We meet the designer of a clever new underpinning that could stop niche vehicle manufacturers getting left behind after the 2030 electric car revolution
The UK’s unique low-volume car business could be heading for trouble as the 2030 electric car revolution gains momentum – unless it rapidly changes course. So says ace niche vehicle engineer Neil Yates, who has been concerned about the industry’s future for the best part of a decade, but believes he has an important lifeline to offer.
Until now, Yates has been best known for Rally Prep, the Newquay-based competition car business he launched in 2011 to build and prepare rally cars for customers all over Europe. But Yates has also built cars of his own design in a varied career and is a keenly sought consultant on R&D projects for high-tech UK firms like Ariel and Delta Motorsport, so his finger is on the industry’s pulse.
The basis for Yates’s concern is rapidly becoming clear to all: huge electrification changes are coming to all cars by 2030, but the niche industry’s ultra-low sales volumes mean most participants don’t have spare funds to invest in their medium-term future.

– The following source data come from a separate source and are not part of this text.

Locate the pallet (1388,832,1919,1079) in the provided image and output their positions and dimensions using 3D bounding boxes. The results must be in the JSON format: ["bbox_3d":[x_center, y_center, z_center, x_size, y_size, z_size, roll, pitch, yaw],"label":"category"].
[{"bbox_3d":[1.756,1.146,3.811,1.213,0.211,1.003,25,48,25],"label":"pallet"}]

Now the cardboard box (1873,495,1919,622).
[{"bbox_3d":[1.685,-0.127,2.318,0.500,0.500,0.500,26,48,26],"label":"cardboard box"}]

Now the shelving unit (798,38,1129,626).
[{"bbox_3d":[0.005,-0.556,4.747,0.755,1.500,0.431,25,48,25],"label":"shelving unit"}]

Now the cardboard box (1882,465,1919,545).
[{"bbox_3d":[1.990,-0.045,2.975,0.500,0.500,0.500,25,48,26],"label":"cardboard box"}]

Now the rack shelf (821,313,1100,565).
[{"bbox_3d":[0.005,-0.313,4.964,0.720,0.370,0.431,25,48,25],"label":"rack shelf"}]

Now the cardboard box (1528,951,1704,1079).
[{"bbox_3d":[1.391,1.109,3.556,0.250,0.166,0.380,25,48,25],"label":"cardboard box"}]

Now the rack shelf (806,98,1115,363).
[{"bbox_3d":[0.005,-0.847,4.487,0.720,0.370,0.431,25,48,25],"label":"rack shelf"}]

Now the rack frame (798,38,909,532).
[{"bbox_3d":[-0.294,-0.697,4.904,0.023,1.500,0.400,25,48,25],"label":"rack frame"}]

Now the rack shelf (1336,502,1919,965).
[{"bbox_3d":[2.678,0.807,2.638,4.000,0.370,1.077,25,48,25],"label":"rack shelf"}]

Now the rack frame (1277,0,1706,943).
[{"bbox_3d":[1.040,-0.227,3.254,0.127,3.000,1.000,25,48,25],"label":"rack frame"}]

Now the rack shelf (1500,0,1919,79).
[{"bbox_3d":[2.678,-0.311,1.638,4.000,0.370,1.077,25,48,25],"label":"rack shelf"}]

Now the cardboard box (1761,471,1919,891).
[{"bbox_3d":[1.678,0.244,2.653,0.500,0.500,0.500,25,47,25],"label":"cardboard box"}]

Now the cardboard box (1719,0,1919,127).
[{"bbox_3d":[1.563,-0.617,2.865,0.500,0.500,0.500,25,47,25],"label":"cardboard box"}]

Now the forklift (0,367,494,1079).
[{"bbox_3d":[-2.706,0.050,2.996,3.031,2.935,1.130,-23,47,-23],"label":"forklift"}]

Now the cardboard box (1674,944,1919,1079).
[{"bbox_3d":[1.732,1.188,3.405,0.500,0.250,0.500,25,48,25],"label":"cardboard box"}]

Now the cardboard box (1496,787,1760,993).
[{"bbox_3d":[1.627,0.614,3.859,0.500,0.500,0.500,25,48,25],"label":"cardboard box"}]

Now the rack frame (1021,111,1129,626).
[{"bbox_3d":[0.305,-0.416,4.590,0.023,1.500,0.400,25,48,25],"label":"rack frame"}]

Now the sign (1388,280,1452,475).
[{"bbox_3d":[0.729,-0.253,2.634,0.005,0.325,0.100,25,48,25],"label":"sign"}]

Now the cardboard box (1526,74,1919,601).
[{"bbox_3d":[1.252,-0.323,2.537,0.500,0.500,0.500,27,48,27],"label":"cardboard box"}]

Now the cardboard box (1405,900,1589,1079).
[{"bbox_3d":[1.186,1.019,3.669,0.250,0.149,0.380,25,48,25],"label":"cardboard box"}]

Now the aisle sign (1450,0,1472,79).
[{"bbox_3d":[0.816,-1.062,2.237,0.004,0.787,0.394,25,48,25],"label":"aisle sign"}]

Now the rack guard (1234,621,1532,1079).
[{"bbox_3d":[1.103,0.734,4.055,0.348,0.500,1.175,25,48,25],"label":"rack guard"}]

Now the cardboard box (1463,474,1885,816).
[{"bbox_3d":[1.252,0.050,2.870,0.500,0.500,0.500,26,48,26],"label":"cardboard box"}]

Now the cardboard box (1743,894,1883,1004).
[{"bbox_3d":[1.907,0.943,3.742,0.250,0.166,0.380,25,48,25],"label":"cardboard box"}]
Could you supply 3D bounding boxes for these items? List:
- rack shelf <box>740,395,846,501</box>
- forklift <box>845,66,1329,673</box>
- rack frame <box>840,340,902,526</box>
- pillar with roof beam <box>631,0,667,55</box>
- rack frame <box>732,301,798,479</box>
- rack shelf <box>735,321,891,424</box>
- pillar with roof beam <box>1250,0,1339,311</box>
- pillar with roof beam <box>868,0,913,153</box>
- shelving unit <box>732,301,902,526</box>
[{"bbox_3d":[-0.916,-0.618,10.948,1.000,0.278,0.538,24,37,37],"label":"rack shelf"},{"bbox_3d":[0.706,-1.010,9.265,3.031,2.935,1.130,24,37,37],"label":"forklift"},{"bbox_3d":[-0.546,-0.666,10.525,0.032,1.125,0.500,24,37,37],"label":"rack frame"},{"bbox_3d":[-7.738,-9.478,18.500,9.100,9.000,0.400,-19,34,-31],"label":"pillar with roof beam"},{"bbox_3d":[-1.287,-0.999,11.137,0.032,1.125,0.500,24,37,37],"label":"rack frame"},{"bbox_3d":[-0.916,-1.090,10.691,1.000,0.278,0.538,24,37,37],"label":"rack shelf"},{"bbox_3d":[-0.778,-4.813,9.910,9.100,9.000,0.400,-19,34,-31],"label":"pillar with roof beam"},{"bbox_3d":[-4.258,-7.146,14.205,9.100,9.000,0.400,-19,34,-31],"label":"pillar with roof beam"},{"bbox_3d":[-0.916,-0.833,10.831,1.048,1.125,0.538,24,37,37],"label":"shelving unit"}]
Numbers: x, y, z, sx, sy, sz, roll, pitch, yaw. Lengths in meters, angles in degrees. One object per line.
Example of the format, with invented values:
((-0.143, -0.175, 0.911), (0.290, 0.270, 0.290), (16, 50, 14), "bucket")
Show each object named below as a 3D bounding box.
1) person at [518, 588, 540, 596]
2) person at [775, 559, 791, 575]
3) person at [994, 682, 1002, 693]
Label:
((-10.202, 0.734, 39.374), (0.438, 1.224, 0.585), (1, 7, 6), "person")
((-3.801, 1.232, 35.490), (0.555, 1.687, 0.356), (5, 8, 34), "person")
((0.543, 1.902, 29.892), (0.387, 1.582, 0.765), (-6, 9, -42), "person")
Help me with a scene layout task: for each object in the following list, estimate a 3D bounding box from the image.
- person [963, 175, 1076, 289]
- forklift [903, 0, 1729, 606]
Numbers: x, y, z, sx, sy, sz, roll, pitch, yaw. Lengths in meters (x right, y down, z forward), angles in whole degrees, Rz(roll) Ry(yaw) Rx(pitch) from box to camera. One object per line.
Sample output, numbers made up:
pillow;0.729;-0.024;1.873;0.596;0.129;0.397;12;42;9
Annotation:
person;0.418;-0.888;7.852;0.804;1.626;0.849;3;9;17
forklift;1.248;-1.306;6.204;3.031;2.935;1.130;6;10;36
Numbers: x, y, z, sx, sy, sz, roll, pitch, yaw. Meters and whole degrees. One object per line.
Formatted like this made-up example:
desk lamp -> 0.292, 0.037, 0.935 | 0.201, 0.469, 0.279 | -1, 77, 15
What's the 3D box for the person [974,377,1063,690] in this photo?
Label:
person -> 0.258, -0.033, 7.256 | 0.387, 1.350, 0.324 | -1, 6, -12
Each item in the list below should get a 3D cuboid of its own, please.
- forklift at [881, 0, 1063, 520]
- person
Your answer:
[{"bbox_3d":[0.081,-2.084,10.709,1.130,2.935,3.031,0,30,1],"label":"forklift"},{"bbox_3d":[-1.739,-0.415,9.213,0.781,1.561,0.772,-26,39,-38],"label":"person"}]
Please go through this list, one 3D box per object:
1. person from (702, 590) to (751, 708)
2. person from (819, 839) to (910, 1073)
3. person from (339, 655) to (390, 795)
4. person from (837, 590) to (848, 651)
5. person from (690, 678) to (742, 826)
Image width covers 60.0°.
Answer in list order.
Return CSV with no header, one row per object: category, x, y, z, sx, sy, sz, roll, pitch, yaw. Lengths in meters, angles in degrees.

Covid hasn’t helped: car makers are so busy finding orders to sustain their businesses in the immediate future that they simply can’t yet focus on the cars they’ll build by 2030.
But the pressure is about to ramp up, says Yates: “Well before the end of this decade, low-volume manufacturers will need new products for a new market, using new technologies and dealing with a new supplier group. Almost nothing, except perhaps the exterior shapes of more traditional vehicles, will be the same.”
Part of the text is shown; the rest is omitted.